On a discrete spectrum of Laplace operator on the fundamental domain of modular group and Chebyshev's function

Laplace operator $\Delta = u^{2}\bigl(\partial_{x}^{2}\,+\,\partial_{u}^{2}\bigr)$ has infinite discrete spectrum $\{\lambda_{n}\}$,
$$ \Delta\varphi_{n}\,+\,\lambda_{n}\varphi_{n}\,=\,0,\quad \varphi_{n}\in L^{2}(\mathcal{F},d\mu),\quad d\mu\,=\,\frac{dx\,du}{u^{2\mathstrut}},\quad\lambda_{n}\ge 0, $$
in fundamental domain
$$ \mathcal{F}\,=\,\bigl\{z\,=\,x+iy\,|\,y>0, |z|>1, |x|<\tfrac{1}{2}\bigr\} $$
of modular group $PSL(2,\mathbb{Z})$. Also, it has a continuous spectrum mapping the interval$\bigl[\tfrac{1}{4},+\infty\bigr)$.
In his “Shur Lectures” (Tel -Aviv, 1992), P. Sarnack suggested that this discrete spectrum $\{\lambda_{n}\}$ should play a key role in number theory.
In the talk, we will discuss a proof of the following new theorem:

Theorem.
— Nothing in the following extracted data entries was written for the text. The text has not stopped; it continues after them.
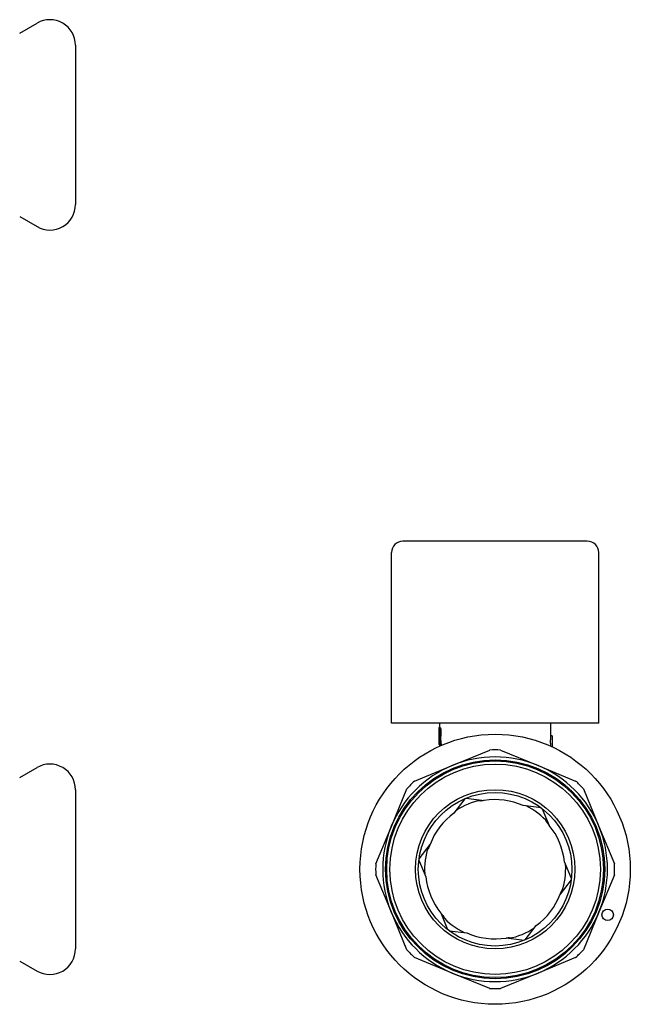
# Model space of a CAD drawing. Header units: millimetres. Extents: x 62 to 3507, y 18 to 370.
# Tile 4 of 4: x 374 to 481, y 191 to 365. Entities that reach past the tile are written whole.
import ezdxf

# ---------------------------------------------------------------- set-up
doc = ezdxf.new("R2010")
doc.units = ezdxf.units.MM
doc.layers.add('DETAIL', color=2, linetype='Continuous')

msp = doc.modelspace()

# ---------------------------------------------------------------- linework, layer by layer
at = {"layer": 'DETAIL'}
for p, q in [((374.02, 362.15), (377.07, 363.91)), ((383.82, 360.01), (383.82, 332.01)), ((374.02, 329.88), (377.07, 328.12)), ((473.77, 272.77), (441.37, 272.77)), ((439.37, 240.77), (439.37, 270.77)), ((475.77, 240.77), (475.77, 270.77)), ((475.77, 240.77), (439.37, 240.77)), ((447.82, 240.77), (447.82, 240)), ((467.32, 240.77), (467.32, 238.54)), ((447.73, 240), (447.79, 240)), ((447.73, 237), (447.73, 240)), ((447.75, 239.67), (447.75, 238.63)), ((447.75, 239.67), (447.78, 239.67)), ((447.82, 240.04), (447.77, 240.04)), ((447.79, 240), (447.89, 240)), ((447.85, 239.56), (447.85, 238.71)), ((447.96, 239.14), (448.05, 239.14)), ((447.73, 238.92), (447.72, 238.92)), ((447.73, 238.21), (447.72, 238.21)), ((447.75, 238.63), (447.8, 238.63)), ((447.75, 238.29), (447.75, 237)), ((447.75, 238.29), (447.79, 238.29)), ((447.84, 238.34), (447.94, 238.34)), ((447.85, 237.51), (447.85, 237)), ((467.57, 238.54), (467.32, 238.54)), ((467.57, 238.54), (467.57, 236.61)), ((447.73, 237), (447.75, 237)), ((447.75, 237), (447.85, 237)), ((447.82, 236.96), (447.77, 236.96)), ((447.82, 237), (447.82, 236.72)), ((447.89, 237), (447.97, 237)), ((447.97, 237), (448.07, 237)), ((450.01, 233.31), (456.61, 236.04)), ((458.54, 236.04), (465.13, 233.31)), ((374.02, 231.2), (377.07, 232.96)), ((443.42, 230.58), (450.01, 233.31)), ((465.13, 233.31), (471.72, 230.58)), ((383.82, 229.07), (383.82, 201.07)), ((439.33, 222.62), (442.06, 229.22)), ((473.09, 229.22), (475.82, 222.62)), ((452.27, 227.48), (450.34, 224.95)), ((452.49, 227.57), (455.65, 227.16)), ((455.08, 227.06), (454.58, 227.1)), ((465.68, 225.86), (462.52, 226.27)), ((465.86, 225.72), (467.09, 222.78)), ((466.71, 223.22), (466.5, 223.67)), ((436.59, 216.03), (439.33, 222.62)), ((475.82, 222.62), (478.55, 216.03)), ((444.2, 216.92), (446.13, 219.45)), ((445.94, 218.9), (445.65, 218.49)), ((444.17, 216.69), (445.39, 213.75)), ((470.97, 213.45), (469.75, 216.38)), ((439.33, 207.51), (436.59, 214.1)), ((470.94, 213.21), (469.01, 210.68)), ((478.55, 214.1), (475.82, 207.51)), ((469.21, 211.23), (469.49, 211.64)), ((442.06, 200.91), (439.33, 207.51)), ((449.28, 204.41), (448.06, 207.35)), ((448.43, 206.91), (448.65, 206.46)), ((475.82, 207.51), (473.09, 200.91)), ((462.87, 202.65), (464.8, 205.18)), ((449.47, 204.27), (452.62, 203.86)), ((462.65, 202.56), (459.49, 202.97)), ((460.07, 203.07), (460.56, 203.03)), ((450.01, 196.82), (443.42, 199.55)), ((471.72, 199.55), (465.13, 196.82)), ((374.02, 198.93), (377.07, 197.17)), ((456.61, 194.09), (450.01, 196.82)), ((465.13, 196.82), (458.54, 194.09))]:
    msp.add_line(p, q, dxfattribs=at)
at = {"layer": 'DETAIL', "flags": 128}
for points in [[(447.73, 239.72), (447.73, 239.69), (447.73, 239.66), (447.72, 239.63), (447.72, 239.6), (447.72, 239.57), (447.72, 239.54), (447.72, 239.51), (447.72, 239.47), (447.72, 239.44), (447.72, 239.41), (447.72, 239.37), (447.72, 239.34), (447.72, 239.3), (447.72, 239.27), (447.72, 239.24), (447.72, 239.2), (447.72, 239.17), (447.72, 239.13), (447.72, 239.1), (447.72, 239.07), (447.72, 239.04), (447.72, 239), (447.72, 238.96), (447.72, 238.92)], [(447.77, 240.04), (447.77, 240.04), (447.77, 240.04), (447.77, 240.04), (447.76, 240.04), (447.76, 240.04), (447.76, 240.04), (447.76, 240.04), (447.76, 240.04), (447.76, 240.04), (447.76, 240.04), (447.76, 240.03), (447.76, 240.03), (447.76, 240.03), (447.76, 240.03), (447.75, 240.03), (447.75, 240.02), (447.75, 240.02), (447.75, 240.02), (447.75, 240.02), (447.75, 240.01), (447.75, 240.01), (447.75, 240.01), (447.75, 240), (447.75, 240)], [(447.88, 239.14), (447.88, 239.18), (447.88, 239.22), (447.88, 239.26), (447.88, 239.3), (447.88, 239.34), (447.87, 239.37), (447.87, 239.41), (447.87, 239.45), (447.86, 239.48), (447.86, 239.51), (447.85, 239.54), (447.85, 239.56), (447.84, 239.58), (447.84, 239.6), (447.83, 239.61), (447.82, 239.62), (447.82, 239.64), (447.81, 239.65), (447.81, 239.65), (447.8, 239.66), (447.8, 239.66), (447.79, 239.66), (447.79, 239.67), (447.78, 239.67)], [(447.79, 240), (447.8, 240), (447.81, 239.99), (447.82, 239.99), (447.83, 239.98), (447.84, 239.97), (447.84, 239.96), (447.85, 239.94), (447.86, 239.92), (447.87, 239.89), (447.88, 239.86), (447.89, 239.83), (447.9, 239.8), (447.91, 239.75), (447.92, 239.71), (447.93, 239.66), (447.93, 239.61), (447.94, 239.55), (447.94, 239.5), (447.95, 239.44), (447.95, 239.38), (447.95, 239.32), (447.95, 239.26), (447.96, 239.2), (447.96, 239.14)], [(447.8, 238.63), (447.8, 238.63), (447.81, 238.63), (447.81, 238.63), (447.81, 238.64), (447.82, 238.65), (447.82, 238.65), (447.83, 238.67), (447.84, 238.68), (447.84, 238.7), (447.85, 238.71), (447.85, 238.73), (447.85, 238.75), (447.86, 238.77), (447.86, 238.8), (447.87, 238.83), (447.87, 238.86), (447.87, 238.89), (447.88, 238.92), (447.88, 238.96), (447.88, 238.99), (447.88, 239.03), (447.88, 239.06), (447.88, 239.09), (447.88, 239.14)], [(447.96, 239.14), (447.96, 239.08), (447.96, 239.04), (447.95, 239), (447.95, 238.96), (447.95, 238.91), (447.95, 238.87), (447.95, 238.82), (447.94, 238.78), (447.94, 238.74), (447.93, 238.7), (447.93, 238.66), (447.92, 238.63), (447.92, 238.6), (447.91, 238.56), (447.91, 238.53), (447.9, 238.5), (447.89, 238.47), (447.89, 238.45), (447.88, 238.43), (447.87, 238.4), (447.86, 238.39), (447.86, 238.37), (447.85, 238.36), (447.84, 238.34)], [(447.89, 240), (447.9, 240), (447.91, 240), (447.92, 239.99), (447.93, 239.98), (447.93, 239.97), (447.94, 239.96), (447.95, 239.94), (447.96, 239.92), (447.97, 239.89), (447.98, 239.86), (447.99, 239.83), (448, 239.8), (448.01, 239.75), (448.02, 239.71), (448.03, 239.66), (448.03, 239.61), (448.04, 239.55), (448.04, 239.5), (448.05, 239.44), (448.05, 239.38), (448.05, 239.32), (448.05, 239.26), (448.05, 239.21), (448.05, 239.14)], [(448.05, 239.14), (448.05, 239.08), (448.05, 239.04), (448.05, 239), (448.05, 238.96), (448.05, 238.91), (448.05, 238.87), (448.04, 238.82), (448.04, 238.78), (448.04, 238.74), (448.03, 238.7), (448.03, 238.66), (448.02, 238.63), (448.02, 238.6), (448.01, 238.56), (448, 238.53), (448, 238.5), (447.99, 238.47), (447.98, 238.45), (447.98, 238.43), (447.97, 238.41), (447.96, 238.39), (447.96, 238.37), (447.95, 238.36), (447.94, 238.34)], [(447.72, 238.21), (447.72, 238.16), (447.72, 238.12), (447.72, 238.08), (447.72, 238.04), (447.72, 238.01), (447.72, 237.98), (447.72, 237.94), (447.72, 237.9), (447.72, 237.86), (447.72, 237.82), (447.72, 237.79), (447.72, 237.75), (447.72, 237.7), (447.72, 237.66), (447.72, 237.62), (447.72, 237.59), (447.72, 237.55), (447.72, 237.52), (447.72, 237.48), (447.72, 237.45), (447.73, 237.42), (447.73, 237.39), (447.73, 237.36), (447.73, 237.32)], [(447.89, 237), (447.88, 237.05), (447.88, 237.11), (447.87, 237.16), (447.87, 237.22), (447.86, 237.27), (447.86, 237.32), (447.86, 237.38), (447.85, 237.43), (447.85, 237.48), (447.84, 237.54), (447.84, 237.59), (447.83, 237.65), (447.83, 237.7), (447.83, 237.75), (447.82, 237.81), (447.82, 237.86), (447.82, 237.92), (447.81, 237.97), (447.81, 238.02), (447.8, 238.08), (447.8, 238.13), (447.8, 238.18), (447.79, 238.24), (447.79, 238.29)], [(447.84, 238.34), (447.85, 238.29), (447.85, 238.23), (447.86, 238.18), (447.86, 238.12), (447.87, 238.06), (447.87, 238.01), (447.88, 237.95), (447.88, 237.9), (447.89, 237.84), (447.89, 237.78), (447.9, 237.73), (447.9, 237.67), (447.91, 237.62), (447.91, 237.56), (447.92, 237.5), (447.93, 237.45), (447.93, 237.39), (447.94, 237.34), (447.94, 237.28), (447.95, 237.22), (447.96, 237.17), (447.96, 237.11), (447.97, 237.06), (447.97, 237)], [(447.94, 238.34), (447.95, 238.29), (447.95, 238.23), (447.96, 238.18), (447.96, 238.12), (447.97, 238.06), (447.97, 238.01), (447.98, 237.95), (447.98, 237.9), (447.99, 237.84), (447.99, 237.78), (448, 237.73), (448, 237.67), (448.01, 237.62), (448.01, 237.56), (448.02, 237.5), (448.02, 237.45), (448.03, 237.39), (448.04, 237.34), (448.04, 237.28), (448.05, 237.22), (448.05, 237.17), (448.06, 237.11), (448.07, 237.06), (448.07, 237)], [(467.32, 238.54), (467.32, 238.54), (467.32, 238.53), (467.32, 238.52), (467.32, 238.51), (467.32, 238.49), (467.31, 238.46), (467.31, 238.44), (467.31, 238.41), (467.31, 238.37), (467.3, 238.33), (467.3, 238.29), (467.3, 238.25), (467.29, 238.2), (467.29, 238.15), (467.29, 238.1), (467.28, 238.04), (467.28, 237.98), (467.28, 237.92), (467.28, 237.86), (467.27, 237.8), (467.27, 237.73), (467.27, 237.67), (467.27, 237.61), (467.27, 237.54)], [(467.27, 237.54), (467.27, 237.5), (467.27, 237.46), (467.27, 237.42), (467.27, 237.38), (467.27, 237.34), (467.27, 237.31), (467.27, 237.27), (467.28, 237.23), (467.28, 237.19), (467.28, 237.16), (467.28, 237.12), (467.28, 237.09), (467.28, 237.05), (467.28, 237.02), (467.29, 236.98), (467.29, 236.95), (467.29, 236.92), (467.29, 236.89), (467.29, 236.86), (467.3, 236.83), (467.3, 236.81), (467.3, 236.78), (467.3, 236.75), (467.3, 236.73)], [(447.75, 237), (447.75, 237), (447.75, 236.99), (447.75, 236.99), (447.75, 236.99), (447.75, 236.98), (447.75, 236.98), (447.76, 236.98), (447.76, 236.98), (447.76, 236.97), (447.76, 236.97), (447.76, 236.97), (447.76, 236.97), (447.76, 236.97), (447.76, 236.97), (447.76, 236.96), (447.76, 236.96), (447.76, 236.96), (447.77, 236.96), (447.77, 236.96), (447.77, 236.96), (447.77, 236.96), (447.77, 236.96), (447.77, 236.96), (447.77, 236.96)]]:
    msp.add_lwpolyline(points, dxfattribs=at)
at = {"layer": 'DETAIL'}
for centre, radius in [((457.57, 215.07), 23.75), ((457.57, 215.07), 19.25), ((457.57, 215.07), 19.05), ((457.57, 215.07), 18.5), ((457.57, 215.07), 14), ((457.57, 215.07), 13.5), ((477.35, 207.05), 1)]:
    msp.add_circle(centre, radius, dxfattribs=at)
for centre, radius, start, end in [((379.32, 360.01), 4.5, 0, 120), ((379.32, 332.01), 4.5, 240, 0), ((441.37, 270.77), 2, 90, 180), ((473.77, 270.77), 2, 0, 90), ((457.57, 215.07), 21, 87.3683, 92.6317), ((457.57, 215.07), 19.75, 67.5, 112.5), ((379.32, 229.07), 4.5, 0, 120), ((457.57, 215.07), 19.75, 112.5, 157.5), ((457.57, 215.07), 19.75, 22.5, 67.5), ((457.57, 215.07), 21, 132.3683, 137.6317), ((457.57, 215.07), 21, 42.3683, 47.6317), ((457.57, 215.07), 12.4, 101.2373, 123.9699), ((457.57, 215.07), 12.25, 99.0301, 101.7566), ((457.57, 215.07), 12.25, 66.1772, 99.0301), ((457.57, 215.07), 12.4, 41.2373, 63.9699), ((457.57, 215.07), 12.25, 126.1772, 159.0301), ((457.57, 215.07), 19.75, 157.5, 202.5), ((457.57, 215.07), 12.25, 39.0301, 41.7566), ((457.57, 215.07), 12.25, 6.1772, 39.0301), ((457.57, 215.07), 19.75, 337.5, 22.5), ((457.57, 215.07), 12.4, 161.2373, 183.9699), ((457.57, 215.07), 12.25, 159.0301, 161.7566), ((457.57, 215.07), 21, 177.3683, 182.6317), ((457.57, 215.07), 12.4, 341.2373, 3.9699), ((457.57, 215.07), 21, 357.3683, 2.6317), ((457.57, 215.07), 12.25, 186.1772, 219.0301), ((457.57, 215.07), 12.25, 306.1772, 339.0301), ((457.57, 215.07), 12.25, 339.0301, 341.7566), ((457.57, 215.07), 19.75, 202.5, 247.5), ((457.57, 215.07), 12.25, 219.0301, 221.7566), ((457.57, 215.07), 12.4, 221.2373, 243.9699), ((457.57, 215.07), 19.75, 292.5, 337.5), ((457.57, 215.07), 12.4, 281.2373, 303.9699), ((457.57, 215.07), 12.25, 246.1772, 279.0301), ((457.57, 215.07), 12.25, 279.0301, 281.7566), ((379.32, 201.07), 4.5, 240, 0), ((457.57, 215.07), 21, 222.3683, 227.6317), ((457.57, 215.07), 21, 312.3683, 317.6317), ((457.57, 215.07), 19.75, 247.5, 292.5), ((457.57, 215.07), 21, 267.3683, 272.6317)]:
    msp.add_arc(centre, radius, start, end, dxfattribs=at)

doc.saveas('drawing.dxf')

Let $x\ge 3$ and suppose that
$$ 0<t\le x^{-4}(\ln{x^{p}})^{-2},\quad p\ge 20. $$
Then the following formula holds:
$$ \psi(x)\,=\,2\sqrt{\pi}t\sum\limits_{n\ge 0}e^{-tr_{n}^{2}}\sum\limits_{2\le k\le x}k\cos{(2r_{n}\ln{k})}\,+\,R(x),\quad |R(x)|\,\le\,\frac{cx^{2}\sqrt{t}}{(\ln{x})^{2\mathstrut}}\,\le\,\frac{c}{(\ln{x})^{3\mathstrut}}. $$
\emph{Here $\psi(x)$ denotes Chebyshev's function, the sequence $r_{n}$ is defined by the relations $\lambda_{n}=r_{n}^{2}+\tfrac{1}{4}$, and $c$ is some computable constant.}

Therefore, the fact that the discrete spectrum $\{\lambda_{n}\}$ determine prime number distribution, is established.